Se non avete ancora abbastanza, e volete leggere altre notizie che non leggerete sulla stampa mainstream, ecco allora una cronaca di Maannews, agenzia di stampa palestinese, che parla dell’attacco compiuto ieri, domenica, da centinaia di coloni (“erano armati, e indossavano uniformi nere, come se fossero una milizia”, dicono i testimoni) contro un villaggio palestinese vicino Nablus. Altra area, quella sì, dove la violenza dei coloni si fa sentire quotidianamente, o quasi. E per le conferme, ci si può affidare al settimanale rapporto dell’OCHA, l’ufficio Onu per le questioni umanitarie.

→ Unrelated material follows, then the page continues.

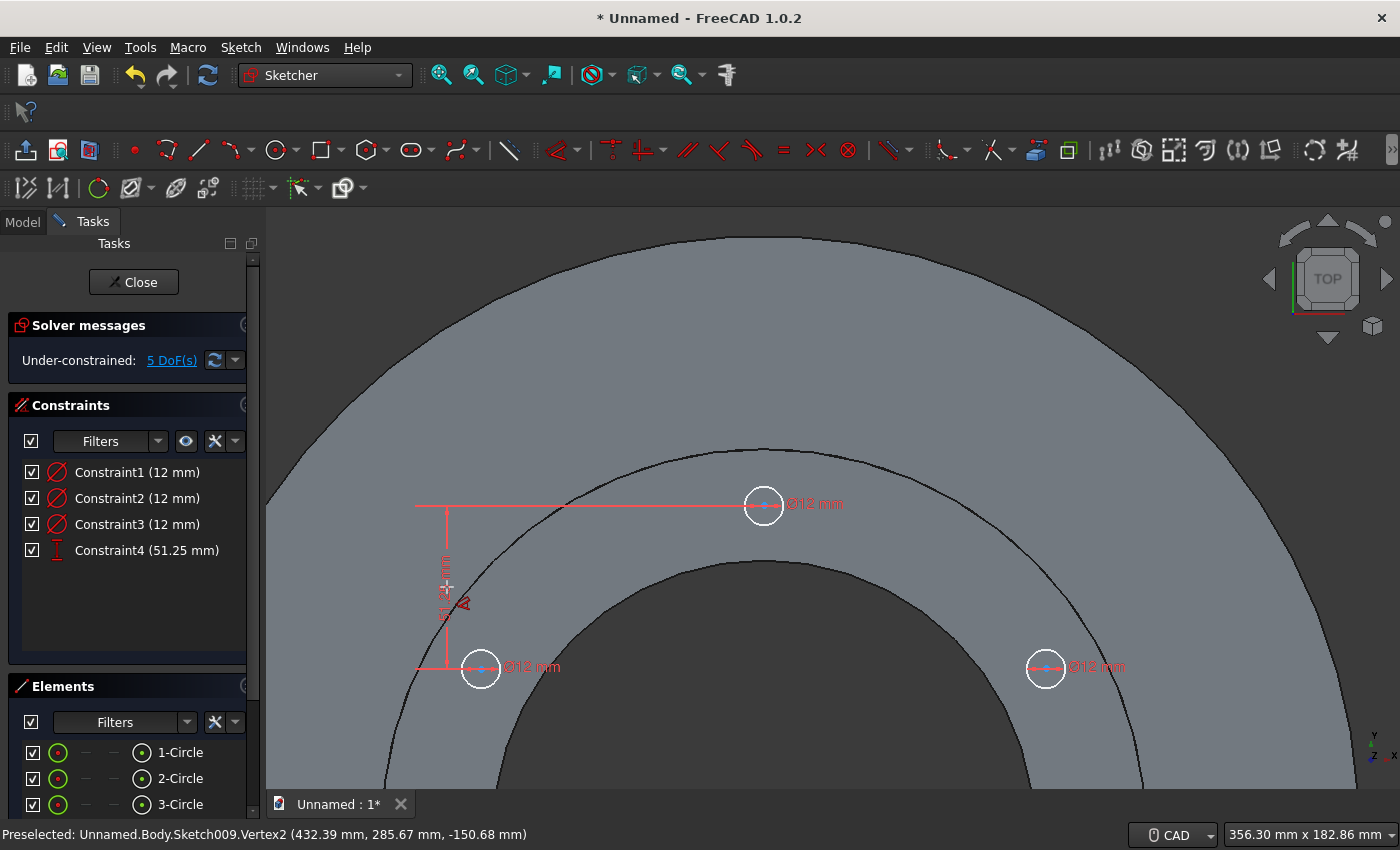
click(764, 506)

Ah, non è finita, perché sul sito online di Yediot AhronotYnet, è arrivata agli onori della cronaca la querelle scoppiata su twitter per le frasi – irriverenti – scritte da alcuni ufficiali dell’esercito israeliano sulla morte di Mustafa Tamimi, e riportate dal britannico Telegraph. Anche in questo caso, i commenti sono veramente pleonastici.

E poi Gaza: capitolo che non ha avuto molta risonanza, nonostante nello stesso giorno in cui è stato ucciso Mustafa Tamimi in Cisgiordania, nella Striscia sia invece morto un ragazzino di 12 anni, dopo un bombardamento israeliano su quella che è stata definita una installazione militare di Hamas. La tensione a Gaza e nel sud di Israele è di nuovo salita dopo che l’aviazione israeliano ha fatto il 7 dicembre un bombardamento di tipo preventivo per prevenire – appunto – la possibilità di lanci di razzi contro i soldati di Tsahal. Raid su Gaza City, miliziani della Jihad islamica uccisi, e successivo lancio di razzi contro le cittadine del Negev. Di nuovo bombardamenti israeliani su Gaza, il 9 dicembre, e stavolta il bilancio delle vittime sale: un morto, e 13 membri della sua famiglia feriti, compresi 7 bambini. E’ la escalation di rito, per così dire, ma questo cinismo da cronista non rende meno duro il fatto che la gente muoia. Anzi.

La playlist: il brano per oggi è Bloody Sunday. U2 live da Chicago.